Oxidative stress is one of the most important biological effects associated with radiation exposure and altered physiological conditions in space. A reporter construct linked to oxidative stress sensing can serve as a simplified way to detect biologically meaningful environmental or sample-related changes. By monitoring reporter output in a cell-free system, the experiment would test whether portable gene expression platforms can be used to detect molecular stress signatures in space-compatible settings. This directly relates to the challenge of performing biological monitoring in space with limited equipment, low mass, and limited crew time.

Clearly state your hypothesis or research goal and explain the reasoning behind it. (Maximum 150 words)

My hypothesis is that a freeze-dried cell-free expression system can be used as a compact and reliable platform to detect oxidative stress-related molecular signals in a constrained spaceflight-like environment. The reasoning is that cell-free systems remove the need to culture living cells, which makes them safer, faster, and easier to deploy in resource-limited settings. If a stress-responsive reporter can be activated reproducibly after rehydration, then this approach could support future low-resource biological monitoring during long-duration missions. The broader goal is not only to detect a signal, but to evaluate whether simplified gene expression tools can function as practical diagnostic or experimental platforms in space, where traditional wet-lab workflows are difficult to implement.

Outline your experimental plan - identify the sample(s) you will test in your experiment, including any necessary controls, the type of data or measurements that will be collected, etc. (Maximum 100 words)
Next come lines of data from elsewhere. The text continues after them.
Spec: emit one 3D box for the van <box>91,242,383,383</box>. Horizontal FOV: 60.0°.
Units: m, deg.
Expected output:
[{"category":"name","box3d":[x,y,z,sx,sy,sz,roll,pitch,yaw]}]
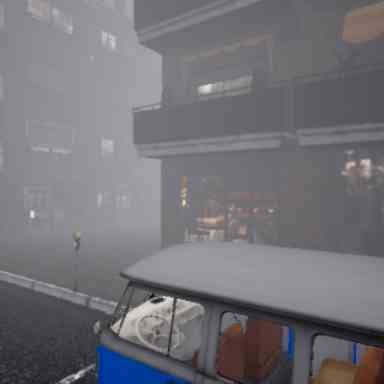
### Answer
[{"category":"van","box3d":[1.081,1.341,2.087,3.998,1.788,1.690,0,1,35]}]
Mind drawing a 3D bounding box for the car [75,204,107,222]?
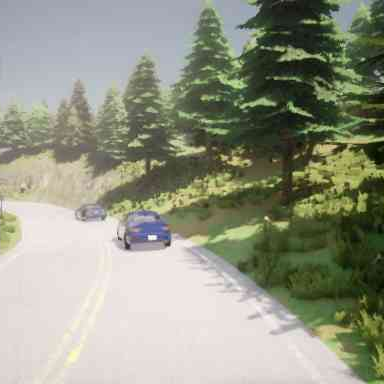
[{"bbox_3d":[-8.701,1.699,28.339,2.033,1.411,5.357,-3,1,-28],"label":"car"}]

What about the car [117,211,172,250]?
[{"bbox_3d":[-2.168,1.534,14.486,1.812,1.442,4.674,-2,0,-18],"label":"car"}]
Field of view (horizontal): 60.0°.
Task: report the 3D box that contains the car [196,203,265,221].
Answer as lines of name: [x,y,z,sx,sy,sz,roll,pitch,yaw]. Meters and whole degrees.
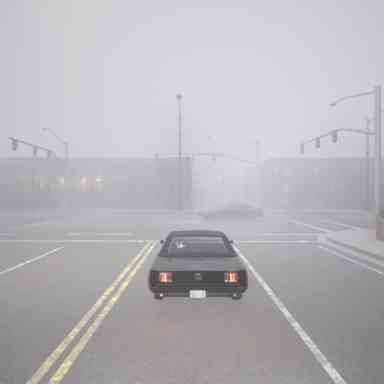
car: [3.099,1.547,26.426,5.357,1.411,2.033,0,0,-21]

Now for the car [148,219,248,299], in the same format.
car: [0.117,1.601,8.370,1.895,1.301,4.718,0,0,0]
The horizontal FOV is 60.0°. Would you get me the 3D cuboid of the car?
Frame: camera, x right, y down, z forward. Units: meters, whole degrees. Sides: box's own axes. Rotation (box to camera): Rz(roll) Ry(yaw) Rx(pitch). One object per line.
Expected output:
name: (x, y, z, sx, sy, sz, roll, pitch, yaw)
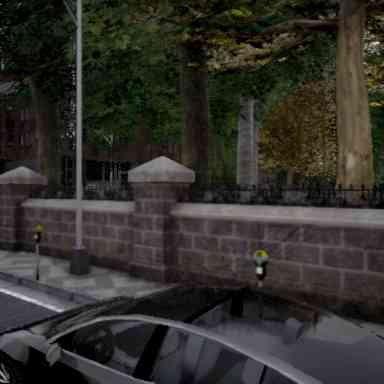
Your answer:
car: (-0.109, 1.548, 3.039, 4.313, 1.339, 1.947, 0, 0, 35)
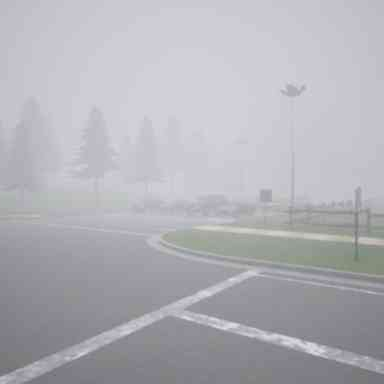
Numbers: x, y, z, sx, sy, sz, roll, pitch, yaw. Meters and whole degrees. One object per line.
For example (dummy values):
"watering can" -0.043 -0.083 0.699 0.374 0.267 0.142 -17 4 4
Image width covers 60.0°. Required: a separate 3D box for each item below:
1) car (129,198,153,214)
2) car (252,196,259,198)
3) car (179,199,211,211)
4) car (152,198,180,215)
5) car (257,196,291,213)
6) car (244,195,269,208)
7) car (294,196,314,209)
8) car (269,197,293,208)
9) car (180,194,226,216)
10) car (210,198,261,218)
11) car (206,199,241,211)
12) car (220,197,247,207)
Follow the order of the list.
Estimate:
"car" -4.723 1.407 36.353 2.097 1.767 4.553 0 0 35
"car" 7.446 1.566 41.482 1.812 1.442 4.674 0 0 35
"car" 0.448 1.656 43.711 1.895 1.301 4.718 0 0 35
"car" -1.521 1.525 34.822 1.882 1.535 5.008 0 0 35
"car" 9.674 1.510 38.578 1.882 1.535 5.008 0 0 35
"car" 9.941 1.400 51.104 2.097 1.767 4.553 0 0 35
"car" 15.573 1.384 46.944 2.097 1.767 4.553 0 0 35
"car" 13.391 1.545 49.922 1.837 1.490 4.892 0 0 35
"car" 1.572 1.261 33.139 2.150 2.045 5.566 0 0 35
"car" 4.129 1.579 30.688 2.033 1.411 5.357 0 0 35
"car" 4.124 1.595 42.857 2.033 1.411 5.357 0 0 35
"car" 6.603 1.603 52.452 2.033 1.411 5.357 0 0 35
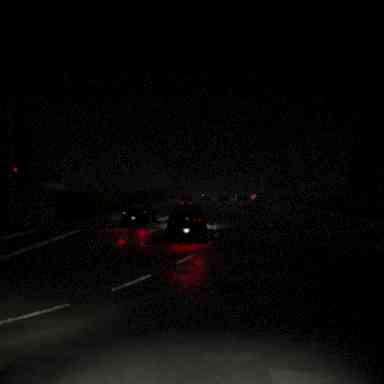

I would test freeze-dried BioBits cell-free reactions containing a stress-responsive reporter construct. Experimental samples would include reactions exposed to oxidative stress-related input conditions and matched negative controls without the activating condition. Additional controls would include a positive-expression control to confirm the cell-free system is functioning properly. After rehydration and incubation, I would measure reporter output using fluorescence readout with the P51 viewer. The main data would be signal intensity, time to detectable signal, and comparison between activated, negative-control, and positive-control reactions.